I also tried to sense whether or not my major pathway was unclogging. I had this vision of an L.A. freeway on a Friday afternoon...

The prescription—written in Chinese characters—was for an herbal concoction. The good doctor took ten minutes to explain to me, step-by-step, how to prepare my "tea." Problem was, I live in Kentucky and the doctor's sources of herbs were in San Francisco.

"If you pay," the doctor told me, "they will ship."

I said "Sure." After all, I was sitting there on the gurney, nearly buck naked, recently having had my major pathway cleared of traffic by God knows how many doses of how many volts, and I was expecting a cure.

A week or so later, back at home in Lexington, the box of herbs arrived. A box full of little sacks labeled "1," "2," "3," and so on. I referred to the notes Dr. Chung had given me. Oh yeah. Boil water, add "1," boil for so many minutes, add "2," boil for so many more minutes ... eventually it read, "steep" for so many minutes on low heat; then, take off heat altogether. Let cool. Drink at room temperature. I did.... And then I vomited until there was nothing more to throw up but pale yellow strands of bile.

I'm sorry, Dr. Chung, but what looked like dried sliced mushrooms, bits of honeycomb, dead flowers, insect parts and ground bone meal did not do me well. I went back to my room, sat on the edge of my bed, scratched my calves until the psoriasis flakes formed little piles on the carpet next to my feet.
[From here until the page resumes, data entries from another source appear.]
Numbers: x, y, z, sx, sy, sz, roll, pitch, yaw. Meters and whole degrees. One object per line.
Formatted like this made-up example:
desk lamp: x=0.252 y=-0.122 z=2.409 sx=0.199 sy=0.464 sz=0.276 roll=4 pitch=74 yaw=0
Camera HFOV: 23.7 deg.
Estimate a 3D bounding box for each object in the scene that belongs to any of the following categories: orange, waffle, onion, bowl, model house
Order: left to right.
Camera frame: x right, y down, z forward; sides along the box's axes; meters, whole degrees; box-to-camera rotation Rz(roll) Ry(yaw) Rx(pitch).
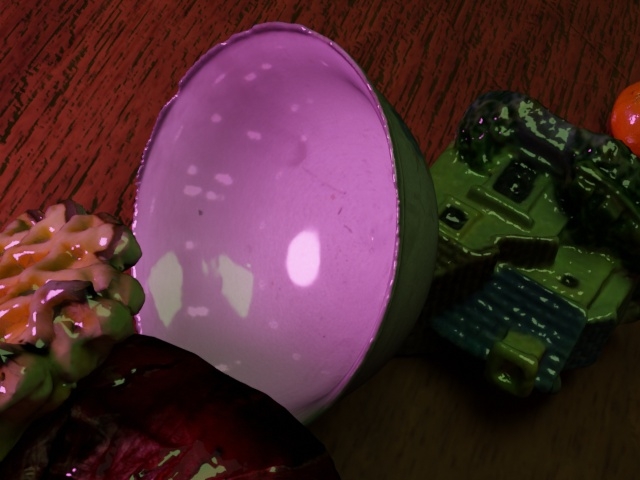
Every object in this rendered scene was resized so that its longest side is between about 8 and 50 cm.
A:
waffle: x=-0.254 y=0.087 z=0.993 sx=0.317 sy=0.073 sz=0.297 roll=-37 pitch=23 yaw=-10
onion: x=-0.104 y=0.176 z=0.992 sx=0.281 sy=0.221 sz=0.281 roll=25 pitch=32 yaw=-17
bowl: x=0.000 y=0.000 z=1.163 sx=0.146 sy=0.313 sz=0.313 roll=7 pitch=44 yaw=-40
model house: x=0.158 y=0.023 z=1.253 sx=0.214 sy=0.195 sz=0.189 roll=33 pitch=54 yaw=14
orange: x=0.329 y=-0.120 z=1.517 sx=0.083 sy=0.070 sz=0.083 roll=7 pitch=48 yaw=-8
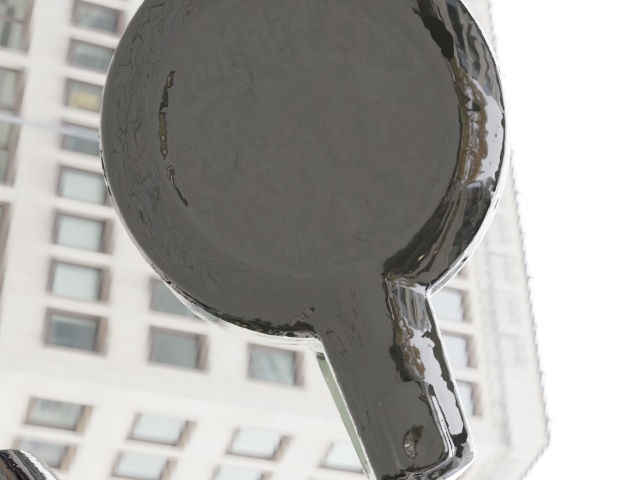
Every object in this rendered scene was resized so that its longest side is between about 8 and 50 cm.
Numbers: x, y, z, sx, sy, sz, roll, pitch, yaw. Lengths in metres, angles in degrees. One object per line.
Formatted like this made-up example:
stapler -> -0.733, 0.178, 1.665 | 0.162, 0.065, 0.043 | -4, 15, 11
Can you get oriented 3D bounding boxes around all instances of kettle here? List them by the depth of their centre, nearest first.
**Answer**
kettle -> 0.000, 0.000, 0.906 | 0.377, 0.250, 0.361 | 133, -59, -86

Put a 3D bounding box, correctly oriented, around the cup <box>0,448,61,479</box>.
cup -> -0.325, 0.313, 1.372 | 0.177, 0.239, 0.166 | 43, -62, 41
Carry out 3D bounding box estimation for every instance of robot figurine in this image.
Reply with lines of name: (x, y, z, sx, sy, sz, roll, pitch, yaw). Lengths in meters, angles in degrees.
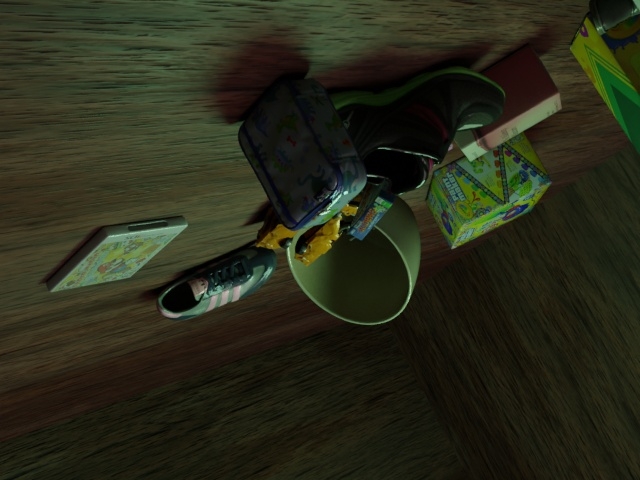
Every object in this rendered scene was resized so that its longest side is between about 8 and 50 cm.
robot figurine: (-0.017, -0.056, 2.003, 0.211, 0.085, 0.291, 22, 138, -23)

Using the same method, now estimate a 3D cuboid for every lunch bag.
lunch bag: (-0.034, -0.136, 1.461, 0.090, 0.219, 0.176, -14, 162, -44)

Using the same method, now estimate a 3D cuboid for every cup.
cup: (0.115, 0.006, 2.217, 0.331, 0.331, 0.237, -40, -174, 44)

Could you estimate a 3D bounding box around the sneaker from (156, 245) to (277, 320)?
sneaker: (-0.256, 0.108, 2.207, 0.319, 0.112, 0.131, -30, 170, 6)

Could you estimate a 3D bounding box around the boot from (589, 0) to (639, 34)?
boot: (0.630, -0.469, 1.715, 0.208, 0.076, 0.189, -12, -161, 35)

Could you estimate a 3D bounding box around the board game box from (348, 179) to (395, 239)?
board game box: (0.127, -0.112, 1.834, 0.136, 0.035, 0.201, -52, -169, 47)

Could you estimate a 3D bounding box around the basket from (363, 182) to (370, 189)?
basket: (0.029, -0.146, 1.810, 0.167, 0.103, 0.113, -20, 165, -30)

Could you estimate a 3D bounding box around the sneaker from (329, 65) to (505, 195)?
sneaker: (0.162, -0.189, 1.689, 0.483, 0.202, 0.185, -20, 166, -31)

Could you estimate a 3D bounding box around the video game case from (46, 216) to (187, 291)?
video game case: (-0.402, 0.028, 1.788, 0.227, 0.026, 0.206, -37, 164, 36)

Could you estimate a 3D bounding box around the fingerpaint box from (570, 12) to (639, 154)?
fingerpaint box: (0.823, -0.383, 1.895, 0.445, 0.371, 0.163, -27, 165, -6)

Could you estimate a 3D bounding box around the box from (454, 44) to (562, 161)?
box: (0.379, -0.287, 1.917, 0.232, 0.127, 0.148, -31, 167, 13)

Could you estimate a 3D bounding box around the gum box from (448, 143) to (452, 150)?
gum box: (0.188, -0.192, 1.963, 0.107, 0.062, 0.188, -17, 176, -37)

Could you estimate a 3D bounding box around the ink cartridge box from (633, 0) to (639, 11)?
ink cartridge box: (0.677, -0.498, 1.524, 0.273, 0.114, 0.198, -26, 167, -6)

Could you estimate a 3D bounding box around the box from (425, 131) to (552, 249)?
box: (0.469, -0.139, 2.572, 0.279, 0.177, 0.290, -26, 167, -4)
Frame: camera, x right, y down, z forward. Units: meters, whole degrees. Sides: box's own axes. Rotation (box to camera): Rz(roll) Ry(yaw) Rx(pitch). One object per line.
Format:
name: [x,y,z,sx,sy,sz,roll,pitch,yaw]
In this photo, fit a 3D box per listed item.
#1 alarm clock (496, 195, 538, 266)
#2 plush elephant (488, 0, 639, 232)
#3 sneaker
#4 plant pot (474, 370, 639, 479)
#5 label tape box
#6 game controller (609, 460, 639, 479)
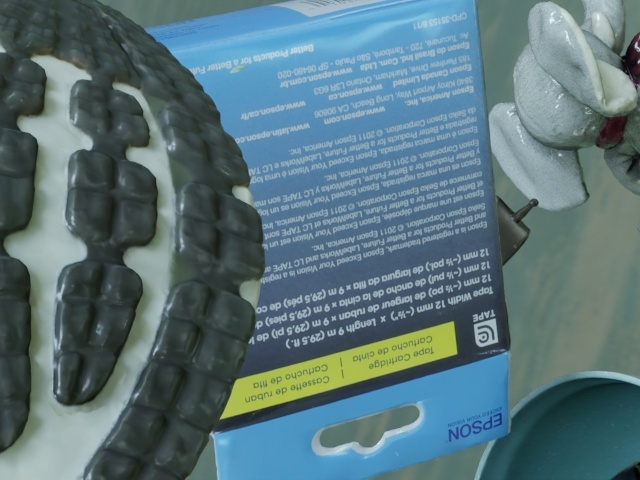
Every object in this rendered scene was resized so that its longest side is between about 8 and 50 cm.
alarm clock: [0.103,0.030,1.666,0.064,0.129,0.192,44,80,-1]
plush elephant: [0.297,-0.140,1.830,0.255,0.272,0.330,34,60,0]
sneaker: [-0.134,0.097,0.609,0.158,0.182,0.410,23,57,-28]
plant pot: [0.294,0.252,1.601,0.196,0.293,0.293,1,75,-44]
label tape box: [0.000,0.000,1.411,0.249,0.115,0.347,-14,110,-21]
game controller: [0.206,0.286,1.085,0.067,0.166,0.319,-7,111,16]
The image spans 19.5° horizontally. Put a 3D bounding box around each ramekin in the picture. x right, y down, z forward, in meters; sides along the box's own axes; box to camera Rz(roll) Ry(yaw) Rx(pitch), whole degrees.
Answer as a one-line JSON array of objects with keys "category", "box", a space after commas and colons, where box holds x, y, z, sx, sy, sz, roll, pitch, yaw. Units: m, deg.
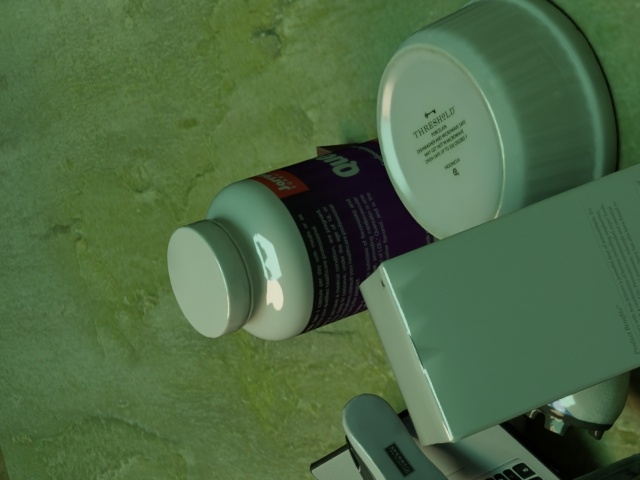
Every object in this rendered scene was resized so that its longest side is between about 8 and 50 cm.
[{"category": "ramekin", "box": [0.169, -0.113, 1.919, 0.273, 0.127, 0.273, 34, 133, 46]}]

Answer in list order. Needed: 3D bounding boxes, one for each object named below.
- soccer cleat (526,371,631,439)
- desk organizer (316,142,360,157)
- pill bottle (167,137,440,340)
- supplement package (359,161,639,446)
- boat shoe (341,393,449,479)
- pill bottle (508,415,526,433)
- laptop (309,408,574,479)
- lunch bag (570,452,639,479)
[{"category": "soccer cleat", "box": [0.215, 0.095, 1.992, 0.331, 0.116, 0.143, 28, 102, 49]}, {"category": "desk organizer", "box": [0.032, -0.053, 2.246, 0.050, 0.047, 0.130, 24, 125, 54]}, {"category": "pill bottle", "box": [0.000, 0.000, 2.055, 0.181, 0.323, 0.182, 32, 131, 46]}, {"category": "supplement package", "box": [0.208, 0.059, 1.749, 0.175, 0.293, 0.178, 127, 122, -80]}, {"category": "boat shoe", "box": [0.091, 0.275, 2.040, 0.228, 0.080, 0.076, 54, 162, 22]}, {"category": "pill bottle", "box": [0.168, 0.177, 2.120, 0.137, 0.078, 0.078, 48, 142, 33]}, {"category": "laptop", "box": [0.160, 0.417, 2.088, 0.408, 0.236, 0.382, 42, 147, -6]}, {"category": "lunch bag", "box": [0.284, 0.357, 1.834, 0.169, 0.287, 0.235, -14, 96, 56]}]
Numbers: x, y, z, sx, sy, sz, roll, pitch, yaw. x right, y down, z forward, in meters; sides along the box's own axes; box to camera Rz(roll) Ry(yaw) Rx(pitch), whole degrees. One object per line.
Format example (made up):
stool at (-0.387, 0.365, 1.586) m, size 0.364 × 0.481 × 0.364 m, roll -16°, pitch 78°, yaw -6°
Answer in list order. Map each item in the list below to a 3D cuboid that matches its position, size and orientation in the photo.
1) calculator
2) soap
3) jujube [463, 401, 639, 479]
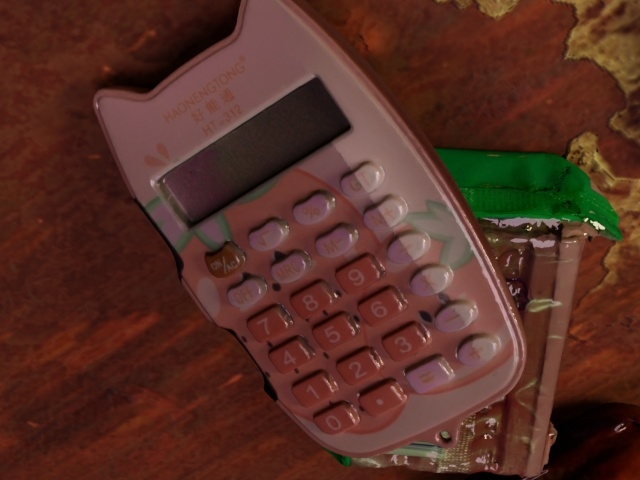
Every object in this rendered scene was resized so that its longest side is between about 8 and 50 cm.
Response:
calculator at (0.000, 0.000, 1.081) m, size 0.220 × 0.048 × 0.330 m, roll -29°, pitch 96°, yaw 32°
soap at (0.093, 0.063, 1.193) m, size 0.217 × 0.098 × 0.273 m, roll 2°, pitch 132°, yaw 0°
jujube at (0.187, 0.264, 1.314) m, size 0.197 × 0.197 × 0.290 m, roll 33°, pitch 110°, yaw -26°
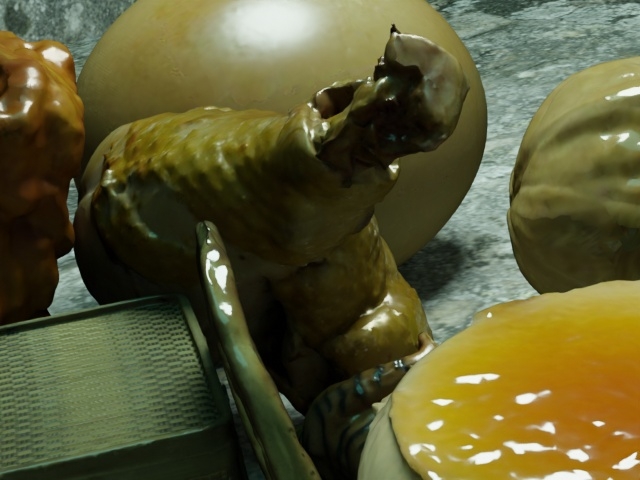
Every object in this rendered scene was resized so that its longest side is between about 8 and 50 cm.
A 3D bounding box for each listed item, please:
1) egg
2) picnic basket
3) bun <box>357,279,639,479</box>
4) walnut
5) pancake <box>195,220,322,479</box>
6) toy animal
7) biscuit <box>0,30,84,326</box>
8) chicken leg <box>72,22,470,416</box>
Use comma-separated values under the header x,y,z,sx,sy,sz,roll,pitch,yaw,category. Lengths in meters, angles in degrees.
x,y,z,sx,sy,sz,roll,pitch,yaw,category
-0.029,-0.093,1.489,0.374,0.301,0.301,-12,17,-25,egg
-0.133,0.145,1.059,0.165,0.139,0.266,-12,18,-8,picnic basket
0.163,0.146,0.870,0.299,0.165,0.299,-3,23,1,bun
0.268,-0.031,1.307,0.261,0.225,0.225,-3,18,2,walnut
-0.024,0.108,0.969,0.031,0.250,0.250,-23,19,-5,pancake
0.077,0.143,1.039,0.116,0.114,0.255,-41,42,-20,toy animal
-0.255,0.001,1.300,0.110,0.312,0.318,9,11,-19,biscuit
0.000,0.000,1.170,0.182,0.295,0.409,-40,4,-36,chicken leg
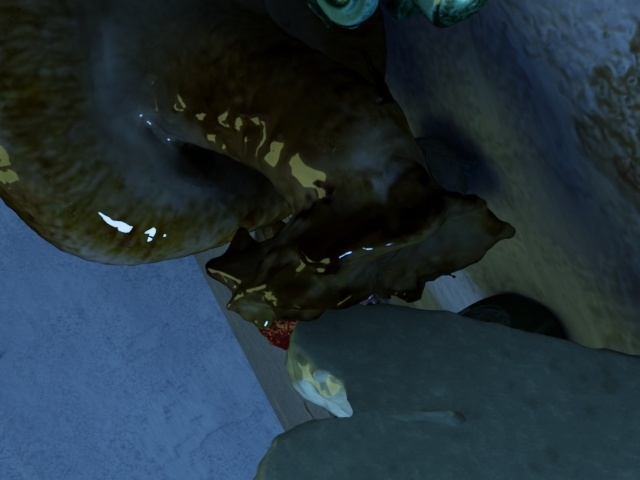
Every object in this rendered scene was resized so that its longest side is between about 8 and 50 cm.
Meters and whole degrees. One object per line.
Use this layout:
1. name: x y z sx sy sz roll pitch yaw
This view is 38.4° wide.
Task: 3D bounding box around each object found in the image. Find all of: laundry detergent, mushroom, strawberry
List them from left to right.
1. mushroom: -0.091 -0.122 0.637 0.356 0.330 0.334 -138 34 -71
2. strawberry: -0.032 0.119 1.386 0.148 0.131 0.131 -117 6 -57
3. laundry detergent: 0.088 0.119 0.758 0.063 0.210 0.137 65 167 -17

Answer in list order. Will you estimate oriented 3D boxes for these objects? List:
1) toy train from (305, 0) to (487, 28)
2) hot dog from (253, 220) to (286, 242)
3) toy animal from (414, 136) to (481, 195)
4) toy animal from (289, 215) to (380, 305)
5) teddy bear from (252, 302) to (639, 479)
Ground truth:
1. toy train: 0.015 -0.258 0.529 0.285 0.116 0.177 57 154 20
2. hot dog: -0.029 0.038 1.299 0.131 0.069 0.253 41 -177 -35
3. toy animal: 0.066 -0.076 0.796 0.253 0.070 0.079 -121 39 -54
4. toy animal: 0.000 0.000 1.175 0.241 0.056 0.099 51 163 35
5. teddy bear: 0.151 0.254 0.597 0.327 0.375 0.362 -78 -10 -59
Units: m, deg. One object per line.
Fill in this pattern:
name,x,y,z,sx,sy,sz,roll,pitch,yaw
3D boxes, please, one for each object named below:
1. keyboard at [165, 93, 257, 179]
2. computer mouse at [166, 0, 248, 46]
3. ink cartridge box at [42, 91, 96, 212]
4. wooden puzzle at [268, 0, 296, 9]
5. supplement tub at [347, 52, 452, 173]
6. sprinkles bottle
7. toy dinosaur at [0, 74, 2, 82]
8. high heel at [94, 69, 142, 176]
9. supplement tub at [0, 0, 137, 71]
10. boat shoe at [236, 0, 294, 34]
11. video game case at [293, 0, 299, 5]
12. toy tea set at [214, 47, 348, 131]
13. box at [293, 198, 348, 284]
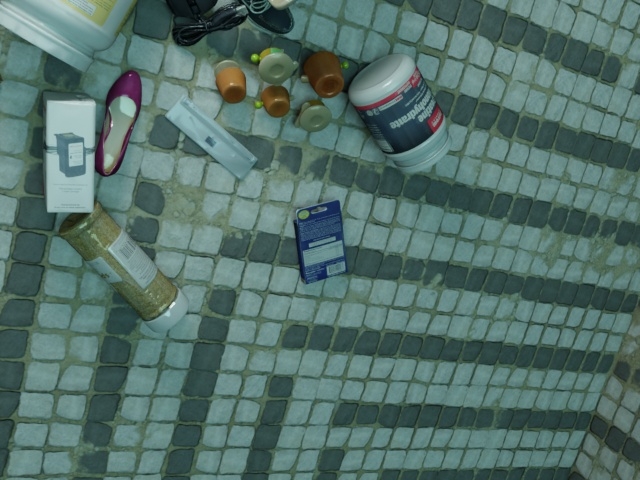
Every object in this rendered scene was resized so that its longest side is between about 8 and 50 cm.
keyboard,-0.268,-0.254,1.705,0.072,0.014,0.256,-48,121,3
computer mouse,-0.291,-0.579,1.511,0.188,0.072,0.272,-18,114,10
ink cartridge box,-0.551,-0.197,1.496,0.100,0.172,0.237,-1,108,-25
wooden puzzle,-0.056,-0.688,1.510,0.322,0.348,0.080,-36,164,-9
supplement tub,0.212,-0.332,1.798,0.191,0.191,0.272,-41,120,-7
sprinkles bottle,-0.469,0.068,1.662,0.121,0.121,0.355,-40,120,-7
toy dinosaur,-0.768,-0.306,1.418,0.211,0.064,0.112,-32,120,-11
high heel,-0.455,-0.264,1.549,0.082,0.117,0.244,23,97,-30
supplement tub,-0.482,-0.533,1.368,0.241,0.241,0.331,29,94,-31
boat shoe,-0.147,-0.579,1.602,0.095,0.079,0.254,-49,122,-6
video game case,-0.076,-0.650,1.597,0.143,0.019,0.157,39,62,-25
toy tea set,-0.095,-0.402,1.696,0.336,0.124,0.200,11,133,-31
box,0.000,0.000,1.907,0.136,0.036,0.225,-15,115,-20
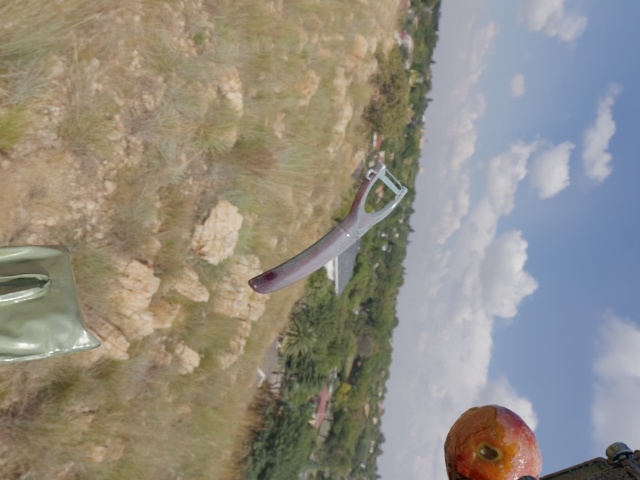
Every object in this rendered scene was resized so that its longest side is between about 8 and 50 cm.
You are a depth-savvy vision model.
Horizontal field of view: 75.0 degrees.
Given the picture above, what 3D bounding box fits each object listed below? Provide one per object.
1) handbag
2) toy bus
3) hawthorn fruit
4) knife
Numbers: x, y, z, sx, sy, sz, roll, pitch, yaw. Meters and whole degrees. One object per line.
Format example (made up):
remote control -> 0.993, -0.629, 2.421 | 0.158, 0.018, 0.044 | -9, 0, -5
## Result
handbag -> -0.591, 0.110, 0.795 | 0.253, 0.315, 0.109 | -6, 133, -38
toy bus -> 0.329, 0.329, 0.506 | 0.081, 0.195, 0.089 | -105, 172, -71
hawthorn fruit -> 0.257, 0.407, 0.701 | 0.285, 0.165, 0.165 | -36, 141, -33
knife -> 0.001, 0.002, 0.600 | 0.123, 0.278, 0.053 | 27, 28, -56
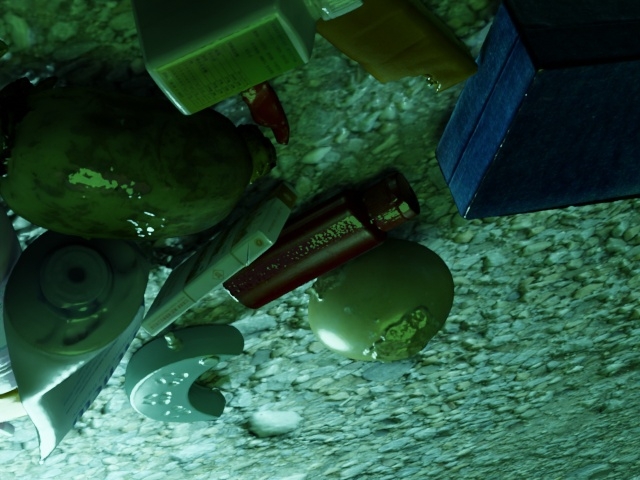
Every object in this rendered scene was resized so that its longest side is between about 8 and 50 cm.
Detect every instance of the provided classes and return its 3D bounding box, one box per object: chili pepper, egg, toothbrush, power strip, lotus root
[{"bbox_3d":[-0.055,-0.138,1.175,0.027,0.045,0.178,-11,155,10],"label":"chili pepper"},{"bbox_3d":[0.079,0.081,1.456,0.201,0.164,0.164,-20,148,17],"label":"egg"},{"bbox_3d":[-0.522,0.228,1.565,0.025,0.020,0.286,-14,148,15],"label":"toothbrush"},{"bbox_3d":[-0.202,0.196,1.617,0.167,0.054,0.253,-6,148,-15],"label":"power strip"},{"bbox_3d":[-0.181,-0.078,1.111,0.309,0.173,0.173,2,144,-30],"label":"lotus root"}]

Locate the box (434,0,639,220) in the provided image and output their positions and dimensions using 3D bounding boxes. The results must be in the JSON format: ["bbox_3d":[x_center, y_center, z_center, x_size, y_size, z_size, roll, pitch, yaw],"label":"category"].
[{"bbox_3d":[0.301,-0.152,1.226,0.278,0.116,0.261,-7,146,-18],"label":"box"}]

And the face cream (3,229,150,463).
[{"bbox_3d":[-0.277,0.113,1.279,0.137,0.235,0.420,29,155,5],"label":"face cream"}]

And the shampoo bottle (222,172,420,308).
[{"bbox_3d":[0.000,0.000,1.387,0.260,0.064,0.102,-28,142,20],"label":"shampoo bottle"}]

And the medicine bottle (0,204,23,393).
[{"bbox_3d":[-0.396,0.064,1.241,0.152,0.152,0.254,-11,149,-7],"label":"medicine bottle"}]

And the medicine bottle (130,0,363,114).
[{"bbox_3d":[-0.064,-0.210,0.972,0.188,0.132,0.088,-22,146,10],"label":"medicine bottle"}]

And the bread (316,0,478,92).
[{"bbox_3d":[0.068,-0.211,1.106,0.088,0.049,0.226,-31,145,22],"label":"bread"}]

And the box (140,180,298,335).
[{"bbox_3d":[-0.122,0.022,1.329,0.032,0.122,0.220,45,121,-13],"label":"box"}]

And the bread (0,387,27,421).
[{"bbox_3d":[-0.478,0.203,1.480,0.200,0.077,0.116,-6,148,-27],"label":"bread"}]

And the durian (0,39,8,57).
[{"bbox_3d":[-0.434,-0.082,1.027,0.375,0.132,0.106,-38,154,23],"label":"durian"}]

Oddly enough, I kept the little bags labeled "1," "2," "3," and so on in my recently-cleaned-out-by-former-wife cupboard for many months. Finally, a new main squeeze happened to open the cupboard one evening and said something unpublishable.

Basically what she was getting at is that it didn't smell good.

I said, "Sorry, that's my herbal medicine."

She volunteered that herbs were much tastier when consumed fresh—and then told me what she thought I should do with the not-so-fresh herbs I'd been sent from San Francisco.

Subsequently, I followed her instructions.